C. The Limits on Re-engagement

Despite the uptick in engagement with Naypyitaw, China has signalled that it does not intend to normalise relations with the regime.[1] This stated position is somewhat obscured by Beijing’s refusal to condemn the coup directly, and by its ambiguous diplomatic language, such as Qin Gang telling Min Aung Hlaing during his May 2023 trip that “China stands ready to work with Myanmar to follow through on the outcomes of President Xi Jinping’s historic visit” in 2020 and that “China will continue to provide assistance within its capability for Myanmar’s development”.[2] At the same time, Qin rather pointedly stated that China “supports [the efforts of] all parties in Myanmar to properly handle differences and achieve reconciliation under the constitutional and legal framework”, a reference to Beijing’s view that the coup departed from that framework. China continues to prefer that the regime enter dialogue with Aung San Suu Kyi on a path back to constitutional rule, however unlikely that may be.[3]

There are also several clear indications that China remains unhappy with the regime and is unwilling at this stage to provide significant diplomatic support or recognition:

  • On 21 December 2022, by not deploying its veto, China allowed the UN Security Council to adopt a first-ever resolution on Myanmar, demanding an immediate end to violence and urging the military to release all “arbitrarily detained” prisoners.[4] Twelve countries voted in favour of the resolution, while China, Russia and India abstained. The development is significant given that the Council has been unable to agree on a resolution on Myanmar for seven decades, largely due to Beijing’s reticence. China is generally keen not to internationalise issues in its neighbourhood, preferring to deal with them bilaterally, so its abstention should be read as a signal of displeasure.[5]
  • Ahead of the UN General Assembly session in September 2023, China did not raise any questions or objections concerning the credentials of the Myanmar permanent representative in New York, Kyaw Moe Tun. Appointed by the Aung San Suu Kyi administration prior to the coup, he has sided publicly with the National Unity Government (NUG), the parallel administration set up by lawmakers ousted by the coup. China’s acquiescence allowed the General Assembly to maintain the status quo from 2021, which established that the Credentials Committee takes note of the competing credentials submitted by the regime but defers consideration of the matter, leaving the incumbent in place.[6] Kyaw Moe Tun remains in his seat despite the Myanmar regime’s request for China’s support in removing him and his outspokenness in public, which flouts the condition China set in 2021 for allowing him to stay, namely that he keep a low profile.[7]
  • Despite considerable lobbying from Naypyitaw, Beijing has refrained from inviting Min Aung Hlaing for an official visit to China.

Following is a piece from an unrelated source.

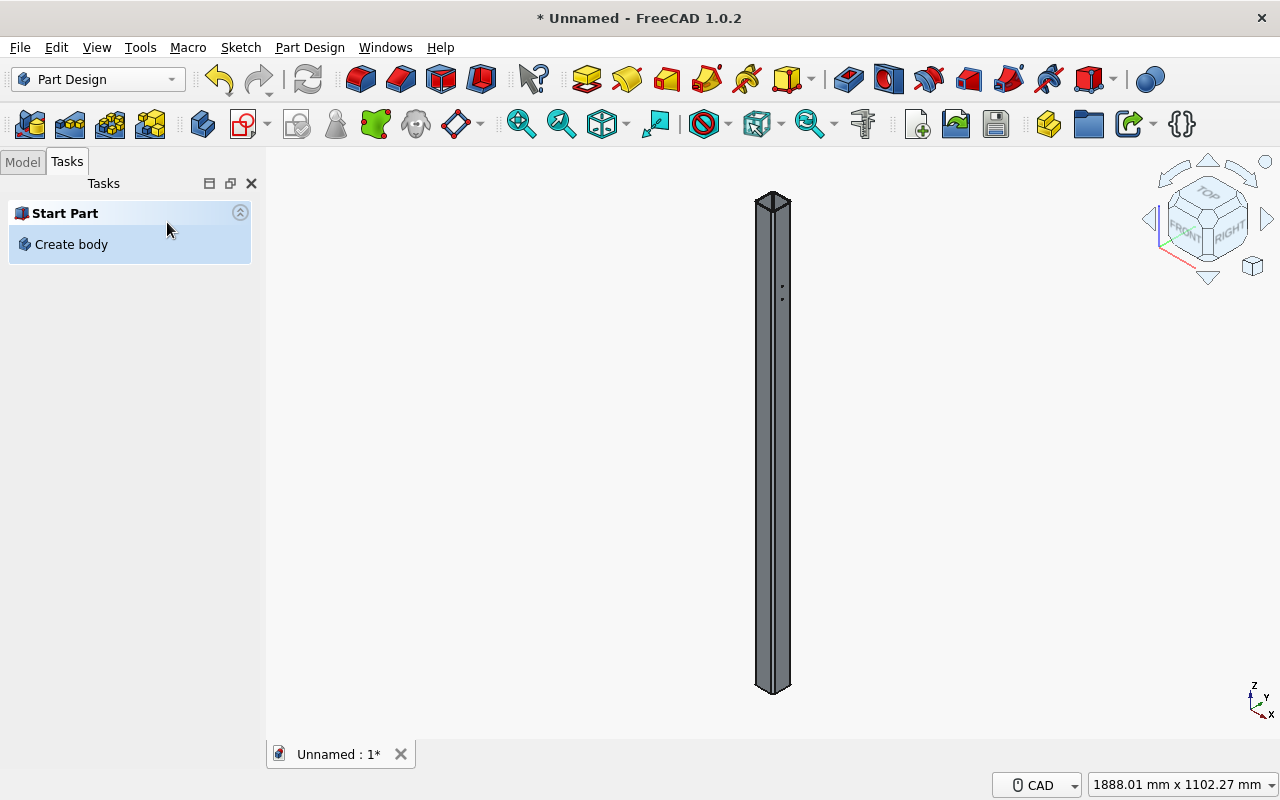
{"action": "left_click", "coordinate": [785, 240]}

The regime had reportedly been pushing for its leader to attend the third Belt and Road Forum in Beijing in October 2023. The pressure was in vain, though Beijing welcomed other controversial guests, including an Afghan Taliban representative and Russian President Vladimir Putin.[8] Instead, China invited Myanmar’s minister of transport.[9] A Chinese academic in an institution close to the government said it was “a clear message that China is not happy with Min Aung Hlaing’s approach”.[10]

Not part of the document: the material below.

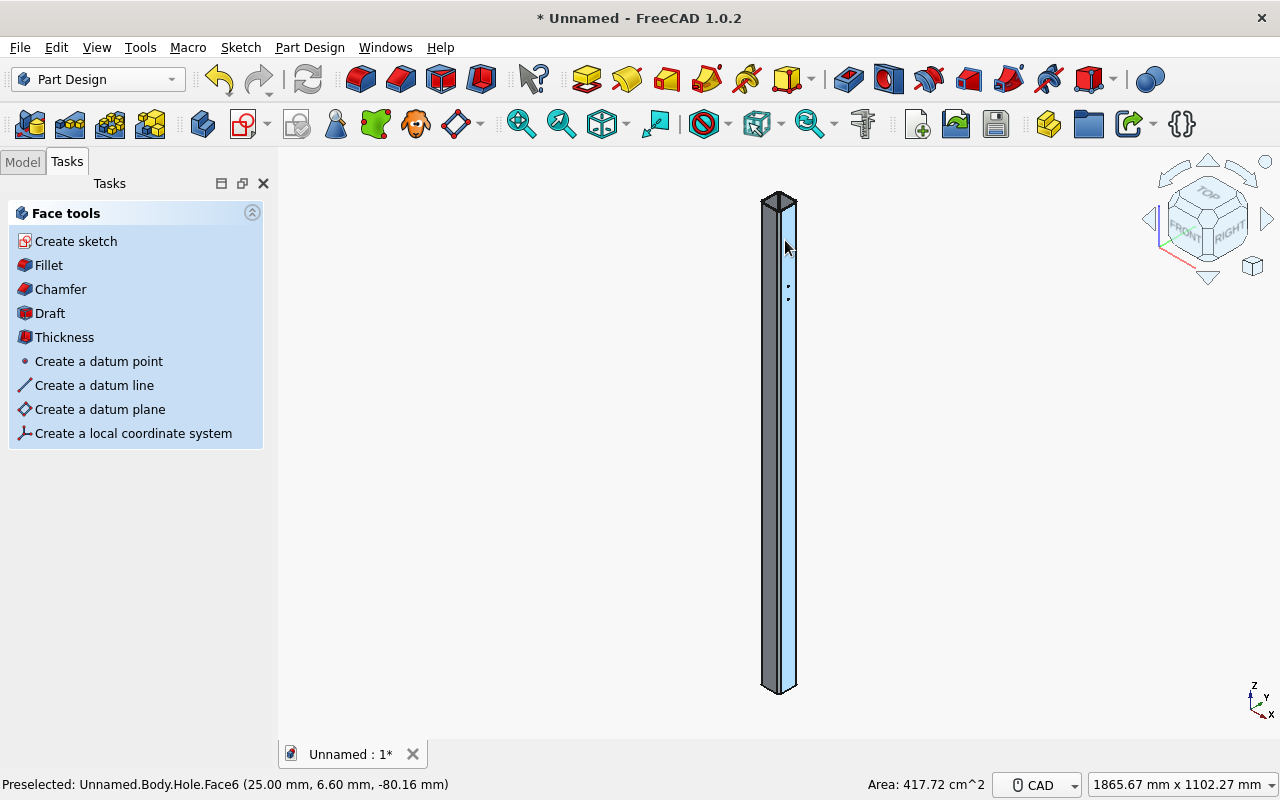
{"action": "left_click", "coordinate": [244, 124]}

At the end of October 2023, the extent of China’s displeasure with the Myanmar regime became even clearer via its muted response to a major offensive by the Three Brotherhood Alliance in northern Shan State, right on its border.

[1] Crisis Group interviews, Chinese academics in institutions close to government, May and November 2023. See also “China’s Qin Gang pledges economic help for Myanmar, stops short of recognising junta”, South China Morning Post, 3 May 2023.

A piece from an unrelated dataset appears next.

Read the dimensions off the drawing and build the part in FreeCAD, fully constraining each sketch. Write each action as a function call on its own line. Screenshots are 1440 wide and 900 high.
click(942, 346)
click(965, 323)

[2] “Myanmar Leader Min Aung Hlaing Meets with Qin Gang”, op. cit.

[3] Ibid. Crisis Group interviews, Chinese academics in institutions close to government, May and November 2023. See also Section III.A above.

[4] UN Security Council Resolution 2669, S/RES/2669 (2022), 21 December 2022.

[5] Crisis Group interviews, analyst and Chinese academics in institutions close to government, May and November 2023.

[6] See UN General Assembly, “Report of the Credentials Committee”, A/78/605, 6 December 2023, adopted without a vote on 18 December 2023.

[7] Crisis Group interviews, analyst, diplomats in New York and Chinese academics in institutions close to the government, 2022-2023. See also Richard Horsey, “One Year On from the Myanmar Coup”, Crisis Group Commentary, 25 January 2022; and Crisis Group Asia Briefing N°173, Coming to Terms with Myanmar’s Russia Embrace, 4 August 2022, Sections IV.B and VI.

[8] “Which world leaders came to China’s 3rd Belt and Road Forum?”, The Diplomat, 18 October 2023; “Taliban to join China’s Belt and Road forum, elevating ties”, Reuters, 14 October 2023; “Snubbed Myanmar junta leader must watch China’s BRI Summit from home”, The Irrawaddy, 17 October 2023.

[9] “SAC Member DPM MoTC UM leaves for 3rd BRI Forum in China”, Global New Light of Myanmar, 17 October 2023.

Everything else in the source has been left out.